§ Exercise details
Search the entries for the word "ntconfig" and report each line that has it.

== == ==

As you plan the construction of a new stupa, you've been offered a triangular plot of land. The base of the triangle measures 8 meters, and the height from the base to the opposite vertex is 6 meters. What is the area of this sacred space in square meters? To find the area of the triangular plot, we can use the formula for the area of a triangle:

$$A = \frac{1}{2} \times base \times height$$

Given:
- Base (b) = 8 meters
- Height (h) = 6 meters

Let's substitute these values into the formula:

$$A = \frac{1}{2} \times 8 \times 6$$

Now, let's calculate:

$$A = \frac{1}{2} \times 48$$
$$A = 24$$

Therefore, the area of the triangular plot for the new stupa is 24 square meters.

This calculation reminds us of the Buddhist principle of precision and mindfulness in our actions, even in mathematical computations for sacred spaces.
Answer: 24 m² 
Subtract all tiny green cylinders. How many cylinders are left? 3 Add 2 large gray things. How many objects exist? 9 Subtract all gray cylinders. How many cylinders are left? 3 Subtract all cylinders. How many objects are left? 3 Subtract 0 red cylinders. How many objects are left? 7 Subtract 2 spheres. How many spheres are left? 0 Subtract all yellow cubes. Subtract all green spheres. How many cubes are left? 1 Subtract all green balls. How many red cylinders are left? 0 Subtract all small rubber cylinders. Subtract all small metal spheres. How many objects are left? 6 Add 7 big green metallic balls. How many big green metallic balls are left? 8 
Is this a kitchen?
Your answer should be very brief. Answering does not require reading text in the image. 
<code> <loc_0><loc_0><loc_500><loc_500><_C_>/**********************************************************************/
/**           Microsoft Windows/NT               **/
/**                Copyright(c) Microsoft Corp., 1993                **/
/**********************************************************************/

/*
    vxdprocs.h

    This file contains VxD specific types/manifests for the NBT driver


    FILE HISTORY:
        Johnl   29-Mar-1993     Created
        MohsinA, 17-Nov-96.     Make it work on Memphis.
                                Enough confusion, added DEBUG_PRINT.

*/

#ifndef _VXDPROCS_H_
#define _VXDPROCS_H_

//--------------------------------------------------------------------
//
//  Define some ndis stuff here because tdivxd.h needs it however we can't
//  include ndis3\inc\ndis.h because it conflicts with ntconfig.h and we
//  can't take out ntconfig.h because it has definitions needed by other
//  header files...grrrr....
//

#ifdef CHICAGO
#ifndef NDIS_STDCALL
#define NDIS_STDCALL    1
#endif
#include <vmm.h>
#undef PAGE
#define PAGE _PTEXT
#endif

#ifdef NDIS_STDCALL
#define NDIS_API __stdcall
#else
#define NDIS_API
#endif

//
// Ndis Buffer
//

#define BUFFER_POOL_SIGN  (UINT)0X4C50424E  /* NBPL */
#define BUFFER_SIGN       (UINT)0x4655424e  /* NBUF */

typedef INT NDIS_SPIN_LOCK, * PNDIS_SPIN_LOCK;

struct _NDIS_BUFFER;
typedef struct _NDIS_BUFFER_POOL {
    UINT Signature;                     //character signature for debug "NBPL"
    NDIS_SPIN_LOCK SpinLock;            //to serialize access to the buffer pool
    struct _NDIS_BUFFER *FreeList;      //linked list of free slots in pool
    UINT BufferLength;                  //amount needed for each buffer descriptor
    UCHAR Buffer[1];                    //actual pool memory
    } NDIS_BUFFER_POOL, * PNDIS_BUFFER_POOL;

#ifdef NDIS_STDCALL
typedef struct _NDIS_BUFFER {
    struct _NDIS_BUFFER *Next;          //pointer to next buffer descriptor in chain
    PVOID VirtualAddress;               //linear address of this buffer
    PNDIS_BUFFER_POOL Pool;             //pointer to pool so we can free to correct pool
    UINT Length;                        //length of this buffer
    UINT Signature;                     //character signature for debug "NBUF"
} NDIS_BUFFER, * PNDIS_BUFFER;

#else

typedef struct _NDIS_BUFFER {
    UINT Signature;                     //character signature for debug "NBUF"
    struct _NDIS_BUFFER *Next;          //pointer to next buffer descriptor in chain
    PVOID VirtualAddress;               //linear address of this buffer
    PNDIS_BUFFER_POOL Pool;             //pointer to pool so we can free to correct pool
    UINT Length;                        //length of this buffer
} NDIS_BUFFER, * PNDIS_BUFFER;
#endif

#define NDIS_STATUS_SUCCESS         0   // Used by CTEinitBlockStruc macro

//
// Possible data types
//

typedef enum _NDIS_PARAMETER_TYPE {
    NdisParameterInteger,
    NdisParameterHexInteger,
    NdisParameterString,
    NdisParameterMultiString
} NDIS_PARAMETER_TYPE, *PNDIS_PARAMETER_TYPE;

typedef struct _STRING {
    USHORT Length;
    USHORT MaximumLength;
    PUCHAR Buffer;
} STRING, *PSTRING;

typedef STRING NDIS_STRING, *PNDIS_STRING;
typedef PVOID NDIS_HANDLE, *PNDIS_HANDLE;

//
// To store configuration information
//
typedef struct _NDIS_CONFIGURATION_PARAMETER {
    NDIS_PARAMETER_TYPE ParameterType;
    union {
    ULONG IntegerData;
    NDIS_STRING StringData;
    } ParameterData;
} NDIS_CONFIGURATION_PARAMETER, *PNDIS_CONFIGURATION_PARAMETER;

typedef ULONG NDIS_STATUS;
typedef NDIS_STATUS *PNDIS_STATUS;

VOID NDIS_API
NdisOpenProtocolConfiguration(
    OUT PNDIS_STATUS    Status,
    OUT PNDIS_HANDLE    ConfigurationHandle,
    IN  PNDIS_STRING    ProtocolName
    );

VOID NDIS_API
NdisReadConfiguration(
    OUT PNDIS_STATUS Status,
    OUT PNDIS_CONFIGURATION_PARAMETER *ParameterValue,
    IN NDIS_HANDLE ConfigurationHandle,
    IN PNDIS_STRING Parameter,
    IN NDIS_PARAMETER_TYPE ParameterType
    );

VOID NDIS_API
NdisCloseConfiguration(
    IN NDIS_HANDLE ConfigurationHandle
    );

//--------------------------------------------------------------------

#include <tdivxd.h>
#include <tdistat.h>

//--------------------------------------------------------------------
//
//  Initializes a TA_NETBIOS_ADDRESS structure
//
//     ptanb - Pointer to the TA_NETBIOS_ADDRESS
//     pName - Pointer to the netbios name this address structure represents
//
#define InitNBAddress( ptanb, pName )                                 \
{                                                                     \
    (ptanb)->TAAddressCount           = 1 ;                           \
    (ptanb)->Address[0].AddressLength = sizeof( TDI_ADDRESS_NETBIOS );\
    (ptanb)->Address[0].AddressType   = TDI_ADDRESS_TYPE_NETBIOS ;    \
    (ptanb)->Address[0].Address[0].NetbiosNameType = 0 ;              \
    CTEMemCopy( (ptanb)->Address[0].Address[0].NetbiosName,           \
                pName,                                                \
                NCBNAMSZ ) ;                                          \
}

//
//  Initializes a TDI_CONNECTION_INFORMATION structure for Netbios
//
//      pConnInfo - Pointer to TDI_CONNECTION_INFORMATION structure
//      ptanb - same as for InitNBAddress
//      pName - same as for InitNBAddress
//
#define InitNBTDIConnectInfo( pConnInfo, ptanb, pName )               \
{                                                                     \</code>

== == ==

§ Response to this task
//  include ndis3\inc\ndis.h because it conflicts with ntconfig.h and we
//  can't take out ntconfig.h because it has definitions needed by other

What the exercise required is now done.